Brooklyn Museum, February 8 to May 12, 2019

By Mark Laiosa
arttimesjournal February 20, 2019

George Inness, American 1825-1894  “The Valley of the Shadow of Death”
Entrance to Brooklyn Museum's Frida Kahlo: Appearances can be Deceiving exhibition

The Brooklyn Museum has launched an all-out marketing push of the Frida Kahlo exhibit, the expected public programs of concerts and curator talks are joined by a ¡Viva Frida Kahlo Dance Party! Including a Revlon makeup station (Kahlo's lipstick of choice and presenter of the exhibit), with hopes of bringing an audience that might not be museum goers. Kahlo's persona does invite people to play. The Dallas Museum of Art celebrated Kahlo's 110th birthday in 2017 with a Frida Fest.

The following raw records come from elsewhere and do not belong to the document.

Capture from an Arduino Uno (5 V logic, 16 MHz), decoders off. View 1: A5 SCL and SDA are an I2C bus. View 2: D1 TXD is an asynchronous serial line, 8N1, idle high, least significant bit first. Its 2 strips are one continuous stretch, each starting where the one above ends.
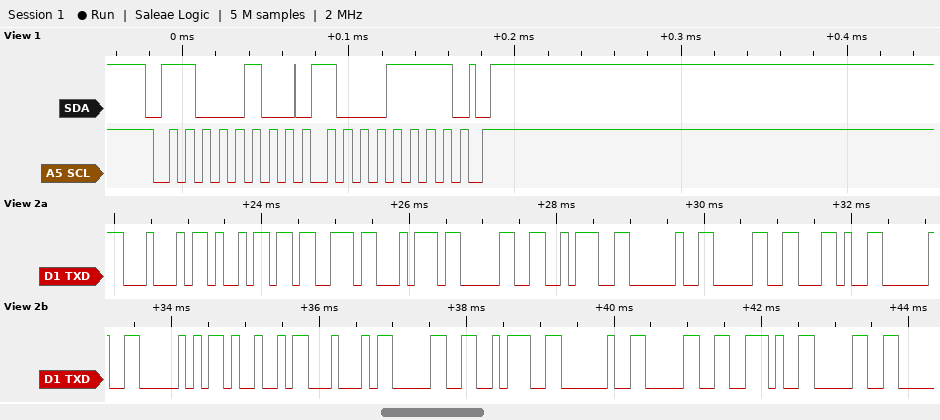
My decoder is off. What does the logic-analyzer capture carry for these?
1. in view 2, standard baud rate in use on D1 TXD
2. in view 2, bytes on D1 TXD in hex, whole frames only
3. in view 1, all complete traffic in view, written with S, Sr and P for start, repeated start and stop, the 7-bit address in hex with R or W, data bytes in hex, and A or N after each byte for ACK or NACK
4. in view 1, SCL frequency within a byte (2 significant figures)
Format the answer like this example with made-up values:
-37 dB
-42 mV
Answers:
9600 baud
44 69 73 74 30 3A 20 30 2C 20 50 49 44 30 3A 20 30 2E 30
S 62W A 8F A P
100 kHz

Attendees dressed as Frida earned an entry into the Guinness Book of World Records for the largest number of people dressed as Kahlo. Brooklyn Museum's on-site restaurant, The Norm, is taking part in the exhibition, painting one of their walls a "soft salmon" to match the exhibition walls to display the works of Carlos Mendez, painter and former assistant to Frida's husband, Diego Rivera. The menu will be featuring Mexican inspired dishes and Mexican themed drinks. Guest chefs for the run of show will be cooking a lively menu.

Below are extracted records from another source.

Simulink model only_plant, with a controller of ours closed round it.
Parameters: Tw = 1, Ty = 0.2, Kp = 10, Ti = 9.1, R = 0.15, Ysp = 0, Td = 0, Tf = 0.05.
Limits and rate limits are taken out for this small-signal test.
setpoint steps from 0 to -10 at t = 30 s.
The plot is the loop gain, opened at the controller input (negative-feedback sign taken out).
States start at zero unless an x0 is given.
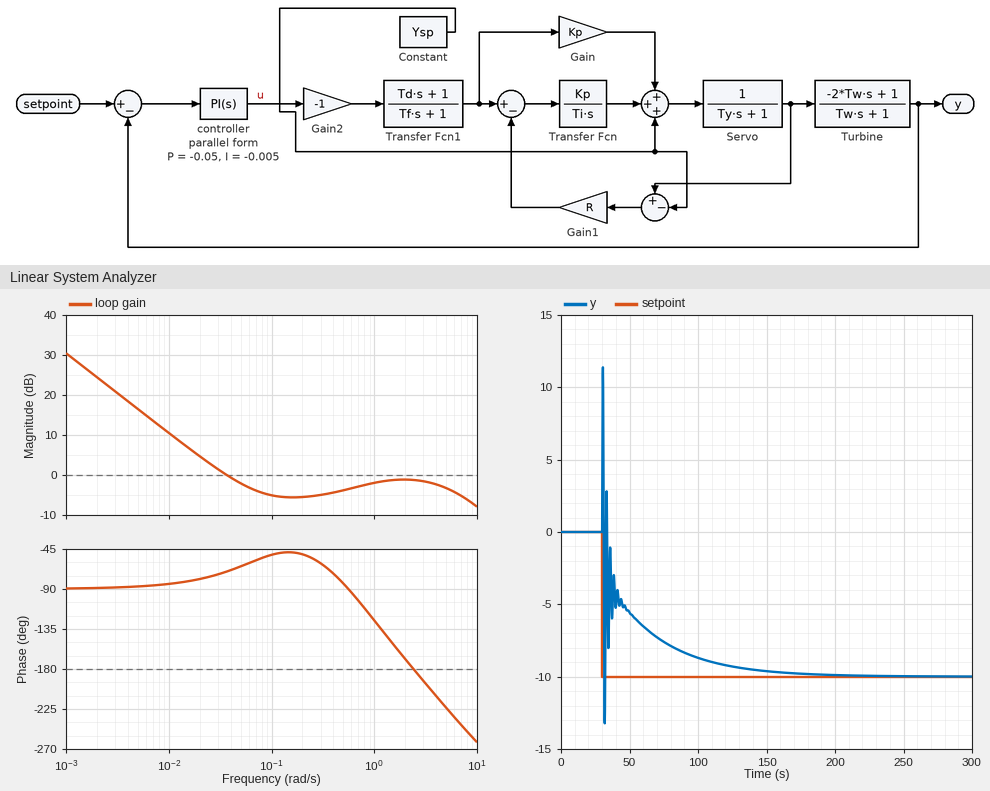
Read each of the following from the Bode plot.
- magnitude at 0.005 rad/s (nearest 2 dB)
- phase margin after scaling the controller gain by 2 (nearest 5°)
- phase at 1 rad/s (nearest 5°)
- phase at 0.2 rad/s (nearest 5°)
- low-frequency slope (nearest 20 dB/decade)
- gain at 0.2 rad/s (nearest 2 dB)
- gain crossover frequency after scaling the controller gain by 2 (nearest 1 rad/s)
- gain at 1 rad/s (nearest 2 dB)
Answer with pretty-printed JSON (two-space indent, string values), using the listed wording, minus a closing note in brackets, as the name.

Bright colored translucent panels on the revolving doors are a warm-up to the exhibition with large back-lit entrance panels with "Frida Kahlo" in capital letters that opens into a gallery of paintings, clothing, assorted objects, and looping film clips. The wall text is in English and Spanish.

George Inness, American 1825-1894  “The Valley of the Shadow of Death”
Traditional Tehuana clothing,
Casa Azul

This massive exhibit of Kahlo's life and work is based on earlier exhibitions, one curated by Circe Henestrosa at the Frida Kahlo Museum, also known as the Casa Azul or Blue house in Mexico City. She later partnered with Claire Wilcox and curatorial advisor Gannit Ankori at London's Victor and Albert Museum. Senior curators Catherine Morris and Lisa Small tapped into the Brooklyn Museum's collections, adding works that gave additional context.

Kahlo's life and works are presented in ten thematic groups totaling approximately 300 items, among them, eleven paintings and fifteen drawings, clothing, and photographs. It is the first time attendees in the US are seeing Kahlo's personal items, cosmetics and clothing from the Blue House.

After Kahlo's death in 1954, Rivera had the house sealed with instructions to open it fifteen years after his death. Rivera died in 1957 and the house was opened in 1972 with an inventory of personal items completed in 2004.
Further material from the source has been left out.